The cost of prescribing low-priority treatments has increased in the last year, although there has been a reduction in the number of treatments being prescribed.

The study used data from an interactive website that collates prescribing information for all general practices in England to determine prescribing trends for ‘low-priority’ treatments – treatments that are deemed to be unsafe, ineffective or of low-value by NHS England, including coproxamol, gluten-free foods and homeopathy.

The researchers found that GPs prescribed almost one million fewer low-priority treatments in 2016/17 compared with the previous year, but that the overall cost of these prescriptions has increased by around £4.5m.

They noted that the cost per item has remained stable for many of the low-priority treatments but that the costs of liothyronine, coproxamol and trimipramine have risen sharply in the past year.

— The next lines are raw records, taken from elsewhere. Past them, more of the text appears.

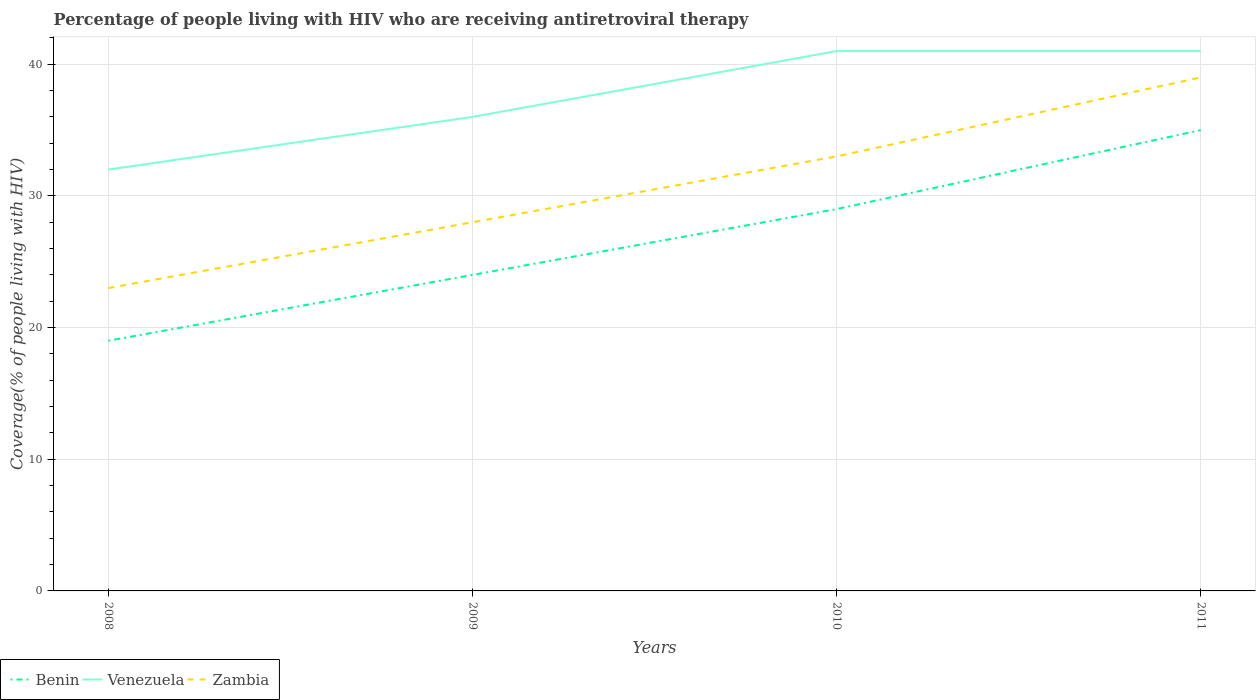Is the number of lines equal to the number of legend labels?
Ensure brevity in your answer.  Yes. Across all years, what is the maximum percentage of the HIV infected people who are receiving antiretroviral therapy in Zambia?
Make the answer very short. 23. What is the total percentage of the HIV infected people who are receiving antiretroviral therapy in Zambia in the graph?
Offer a very short reply. -11. What is the difference between the highest and the second highest percentage of the HIV infected people who are receiving antiretroviral therapy in Zambia?
Keep it short and to the point. 16. What is the difference between the highest and the lowest percentage of the HIV infected people who are receiving antiretroviral therapy in Benin?
Provide a short and direct response. 2. Is the percentage of the HIV infected people who are receiving antiretroviral therapy in Venezuela strictly greater than the percentage of the HIV infected people who are receiving antiretroviral therapy in Benin over the years?
Ensure brevity in your answer.  No. How many years are there in the graph?
Offer a terse response. 4. What is the difference between two consecutive major ticks on the Y-axis?
Make the answer very short. 10. Does the graph contain any zero values?
Your answer should be very brief. No. Does the graph contain grids?
Make the answer very short. Yes. How are the legend labels stacked?
Offer a very short reply. Horizontal. What is the title of the graph?
Provide a succinct answer. Percentage of people living with HIV who are receiving antiretroviral therapy. Does "Antigua and Barbuda" appear as one of the legend labels in the graph?
Offer a very short reply. No. What is the label or title of the Y-axis?
Provide a succinct answer. Coverage(% of people living with HIV). What is the Coverage(% of people living with HIV) of Venezuela in 2008?
Provide a succinct answer. 32. What is the Coverage(% of people living with HIV) of Benin in 2009?
Your response must be concise. 24. What is the Coverage(% of people living with HIV) of Venezuela in 2009?
Give a very brief answer. 36. What is the Coverage(% of people living with HIV) in Benin in 2010?
Ensure brevity in your answer.  29. What is the Coverage(% of people living with HIV) in Venezuela in 2010?
Provide a short and direct response. 41. What is the Coverage(% of people living with HIV) in Benin in 2011?
Your answer should be compact. 35. What is the Coverage(% of people living with HIV) of Venezuela in 2011?
Your answer should be compact. 41. What is the Coverage(% of people living with HIV) in Zambia in 2011?
Make the answer very short. 39. Across all years, what is the maximum Coverage(% of people living with HIV) in Benin?
Offer a terse response. 35. Across all years, what is the maximum Coverage(% of people living with HIV) in Venezuela?
Offer a very short reply. 41. Across all years, what is the maximum Coverage(% of people living with HIV) in Zambia?
Offer a terse response. 39. Across all years, what is the minimum Coverage(% of people living with HIV) of Venezuela?
Your answer should be very brief. 32. What is the total Coverage(% of people living with HIV) in Benin in the graph?
Offer a very short reply. 107. What is the total Coverage(% of people living with HIV) of Venezuela in the graph?
Offer a terse response. 150. What is the total Coverage(% of people living with HIV) of Zambia in the graph?
Provide a succinct answer. 123. What is the difference between the Coverage(% of people living with HIV) in Venezuela in 2008 and that in 2009?
Offer a very short reply. -4. What is the difference between the Coverage(% of people living with HIV) of Benin in 2008 and that in 2010?
Keep it short and to the point. -10. What is the difference between the Coverage(% of people living with HIV) of Venezuela in 2008 and that in 2011?
Offer a very short reply. -9. What is the difference between the Coverage(% of people living with HIV) of Benin in 2009 and that in 2010?
Ensure brevity in your answer.  -5. What is the difference between the Coverage(% of people living with HIV) of Benin in 2009 and that in 2011?
Provide a succinct answer. -11. What is the difference between the Coverage(% of people living with HIV) in Venezuela in 2009 and that in 2011?
Offer a very short reply. -5. What is the difference between the Coverage(% of people living with HIV) of Benin in 2008 and the Coverage(% of people living with HIV) of Zambia in 2009?
Your answer should be compact. -9. What is the difference between the Coverage(% of people living with HIV) in Venezuela in 2008 and the Coverage(% of people living with HIV) in Zambia in 2009?
Keep it short and to the point. 4. What is the difference between the Coverage(% of people living with HIV) in Venezuela in 2008 and the Coverage(% of people living with HIV) in Zambia in 2010?
Make the answer very short. -1. What is the difference between the Coverage(% of people living with HIV) in Benin in 2008 and the Coverage(% of people living with HIV) in Zambia in 2011?
Keep it short and to the point. -20. What is the difference between the Coverage(% of people living with HIV) of Venezuela in 2008 and the Coverage(% of people living with HIV) of Zambia in 2011?
Your answer should be compact. -7. What is the difference between the Coverage(% of people living with HIV) of Benin in 2009 and the Coverage(% of people living with HIV) of Venezuela in 2011?
Your answer should be compact. -17. What is the difference between the Coverage(% of people living with HIV) in Benin in 2009 and the Coverage(% of people living with HIV) in Zambia in 2011?
Make the answer very short. -15. What is the difference between the Coverage(% of people living with HIV) in Venezuela in 2009 and the Coverage(% of people living with HIV) in Zambia in 2011?
Offer a terse response. -3. What is the difference between the Coverage(% of people living with HIV) in Benin in 2010 and the Coverage(% of people living with HIV) in Venezuela in 2011?
Provide a short and direct response. -12. What is the average Coverage(% of people living with HIV) in Benin per year?
Your response must be concise. 26.75. What is the average Coverage(% of people living with HIV) of Venezuela per year?
Keep it short and to the point. 37.5. What is the average Coverage(% of people living with HIV) of Zambia per year?
Your answer should be very brief. 30.75. In the year 2008, what is the difference between the Coverage(% of people living with HIV) in Benin and Coverage(% of people living with HIV) in Venezuela?
Offer a very short reply. -13. In the year 2009, what is the difference between the Coverage(% of people living with HIV) of Benin and Coverage(% of people living with HIV) of Venezuela?
Keep it short and to the point. -12. In the year 2009, what is the difference between the Coverage(% of people living with HIV) in Benin and Coverage(% of people living with HIV) in Zambia?
Provide a short and direct response. -4. In the year 2009, what is the difference between the Coverage(% of people living with HIV) in Venezuela and Coverage(% of people living with HIV) in Zambia?
Keep it short and to the point. 8. In the year 2011, what is the difference between the Coverage(% of people living with HIV) in Benin and Coverage(% of people living with HIV) in Venezuela?
Your answer should be compact. -6. In the year 2011, what is the difference between the Coverage(% of people living with HIV) in Benin and Coverage(% of people living with HIV) in Zambia?
Your answer should be compact. -4. What is the ratio of the Coverage(% of people living with HIV) in Benin in 2008 to that in 2009?
Offer a very short reply. 0.79. What is the ratio of the Coverage(% of people living with HIV) in Zambia in 2008 to that in 2009?
Provide a short and direct response. 0.82. What is the ratio of the Coverage(% of people living with HIV) in Benin in 2008 to that in 2010?
Your answer should be very brief. 0.66. What is the ratio of the Coverage(% of people living with HIV) of Venezuela in 2008 to that in 2010?
Give a very brief answer. 0.78. What is the ratio of the Coverage(% of people living with HIV) in Zambia in 2008 to that in 2010?
Provide a succinct answer. 0.7. What is the ratio of the Coverage(% of people living with HIV) of Benin in 2008 to that in 2011?
Provide a succinct answer. 0.54. What is the ratio of the Coverage(% of people living with HIV) in Venezuela in 2008 to that in 2011?
Your answer should be very brief. 0.78. What is the ratio of the Coverage(% of people living with HIV) of Zambia in 2008 to that in 2011?
Your response must be concise. 0.59. What is the ratio of the Coverage(% of people living with HIV) of Benin in 2009 to that in 2010?
Give a very brief answer. 0.83. What is the ratio of the Coverage(% of people living with HIV) in Venezuela in 2009 to that in 2010?
Provide a succinct answer. 0.88. What is the ratio of the Coverage(% of people living with HIV) of Zambia in 2009 to that in 2010?
Give a very brief answer. 0.85. What is the ratio of the Coverage(% of people living with HIV) in Benin in 2009 to that in 2011?
Your answer should be compact. 0.69. What is the ratio of the Coverage(% of people living with HIV) in Venezuela in 2009 to that in 2011?
Your response must be concise. 0.88. What is the ratio of the Coverage(% of people living with HIV) of Zambia in 2009 to that in 2011?
Offer a terse response. 0.72. What is the ratio of the Coverage(% of people living with HIV) of Benin in 2010 to that in 2011?
Provide a short and direct response. 0.83. What is the ratio of the Coverage(% of people living with HIV) of Zambia in 2010 to that in 2011?
Your answer should be compact. 0.85. What is the difference between the highest and the lowest Coverage(% of people living with HIV) of Venezuela?
Give a very brief answer. 9. What is the difference between the highest and the lowest Coverage(% of people living with HIV) of Zambia?
Your answer should be compact. 16.

The researchers attributed the increased overall spend to drugs being removed from the drug tariff and having to be sourced as more expensive ‘special orders’, and a lack of competition on the market driving up costs.

‘Co-proxamol, liothyronine and trimipramine illustrate a concerning phenomenon, where despite successful efforts to limit prescribing numbers, costs have risen sharply,’ the authors said in the paper.

They also found wide variations in spending across the country, with prescribing behaviour found to be strongly associated with the local CCG. The authors suggested that this could be due to individual CCG prescribing policies.

The authors concluded in the paper: ‘The detailed analysis of trends and variation in low-value prescribing presented here should be used to inform future debate about the use of such treatments. A certain proportion of current variation in many of the observed treatments is likely to be due to differences in policy between different CCGs and practices, rather than clinical need.’

Figures released by NHS Digital in March showed that the total cost of prescriptions dispensed by GP practices fell by £30m between 2016 and 2017, despite the number of prescriptions increasing. RCGP chair Professor Helen Stokes-Lampard said that the rise in total number of prescriptions was due to patients living longer. 

The figures followed guidance issued to CCGs by NHS England aimed at cutting down over-the-counter prescribing in a bid to save almost £100m that could be reinvested in to frontline services.

But a recent Pulse survey showed GPs are having to bear the brunt of patient complaints resulting from the shift in policy.